Like a kung-fu movie

2013-05-29 00:00

I READ with sadness in the City Press last Sunday about how commentator Phumlani Mfeka defended the traffic officer “who innocently mistook” Newcastle mayor Afzul Rehman for one of the Gupta brothers.

Rehman wanted the officer fired for racial prejudice, after the two met in the corridors of the town hall and the officer threw in the slur he must have had up his sleeve to use on the first person of Indian origin he encountered.

The traffic officer would surely not take pleasure in being called by the name of the worst black African scoundrel, and he should therefore, at the very least, treat others as he would like to be treated.

Mfeka’s defence that it was “innocent” is cheap. It was prejudice at its worst.

Not having access to the traffic officer, at best his mitigation might be that it was foolishness rather than bigotry.

It is not uncommon to attribute to bigotry what is entirely foolishness.
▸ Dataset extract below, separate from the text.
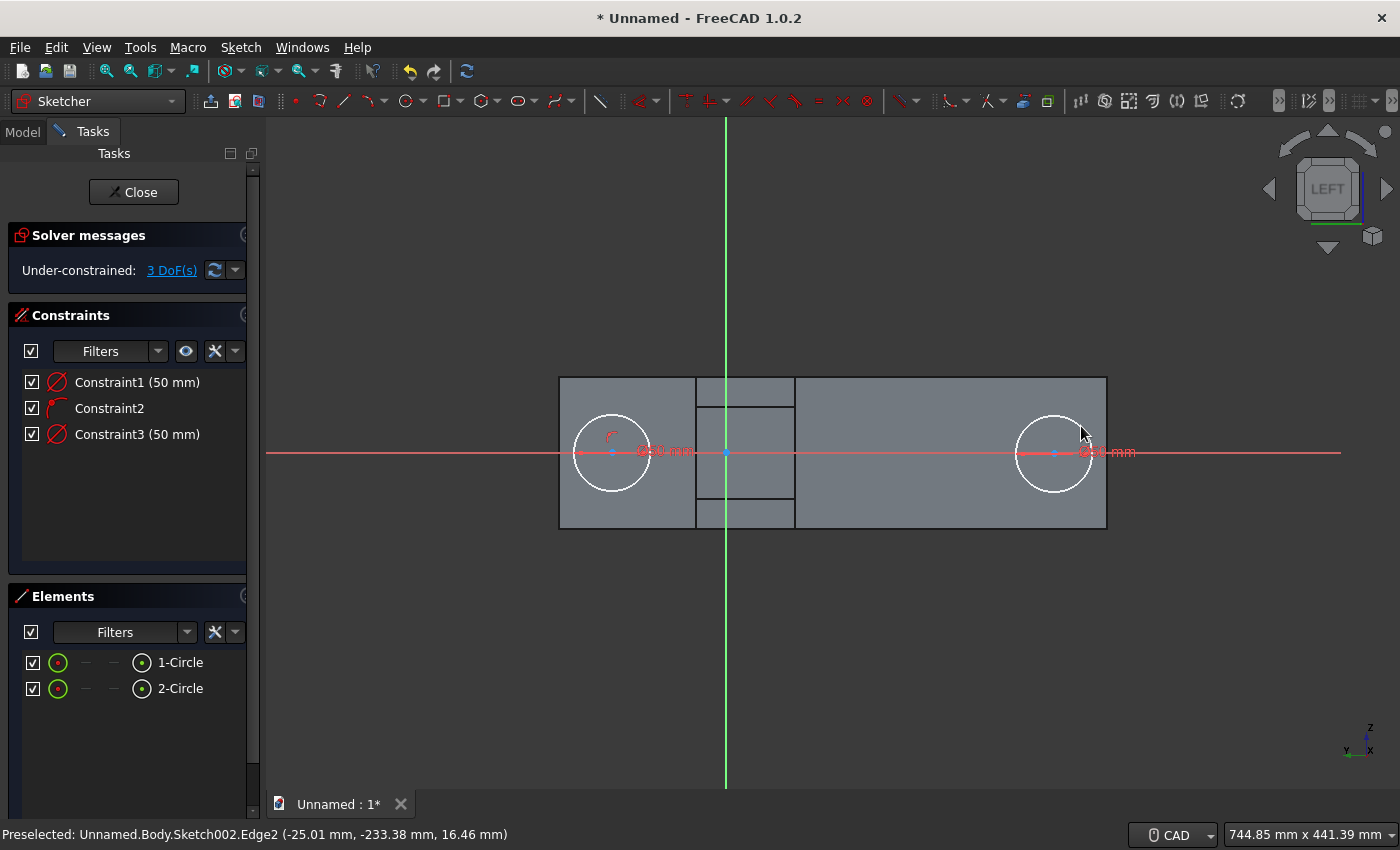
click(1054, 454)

Then again, ignorance cannot always be an excuse for bigotry.

Mfeka, on the other hand, is not uncertain about what he thinks of Indians in KwaZulu-Natal.
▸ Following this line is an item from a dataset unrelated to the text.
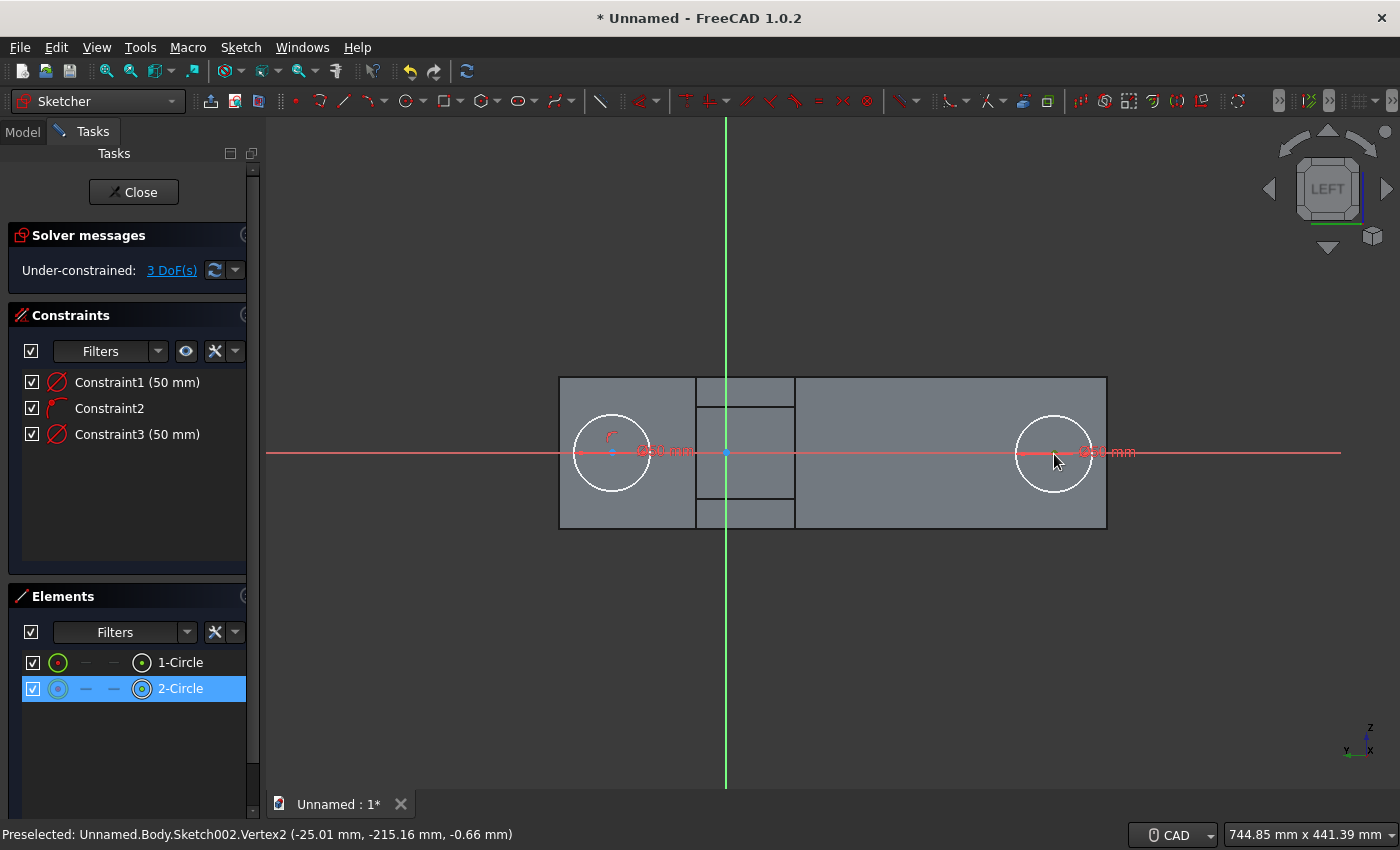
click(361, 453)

“Africans in this province [KwaZulu-Natal] do not regard Indians as their brethren and thus the ticking time bomb of a deadly confrontation between the two communities is inevitable, and shall be exacerbated by the antagonistic attitude that Indians such as yourself and Vivian Reddy have.”

Mfeka might think he is advancing the cause of blacks in their struggles against Indians, but, in truth, he is proof of the success of the divide-and-rule programme that apartheid designed to keep the oppressed from thinking they were superior, and that they needed to be antagonistic towards each other.

Believing in an eye-for-an-eye justice, he thinks his people can be saved from prejudice and injustice by throwing back injustice and bigotry.

He mistakenly thinks it is a revolutionary duty to defend those who look like you, especially if they have been victims of historic wrongs.

Racial hostilities will take a people nowhere.

Needless to say, there have been pockets of individuals who have thought themselves superior, either because they were Indian or because they were educated, but on the whole, Indians and Africans are both historic victims of a race-based political order that they want to perpetuate between themselves.

Like in a kung-fu movie, new generations of Indians and Africans keep fighting a war, the origins of which they know nothing of, despite having access to the best South Africa has to offer.

KZN, more than any other province, has an Indian population that reflects the best and the worst South Africa has to offer in terms of opportunities, making it a mockery to talk of Indians as a monolithic group.

The Newcastle affair provides that town and the province with an opportunity for dialogue, self-reflection and to correct the undeniable prejudice between the two communities.

As always, leaders must think out of the box and have the courage to take their people where they need to go but are reluctant to do so.

Any takers?

• Fikile-Ntsikelelo Moya is a freelance journalist and former editor of The Witness.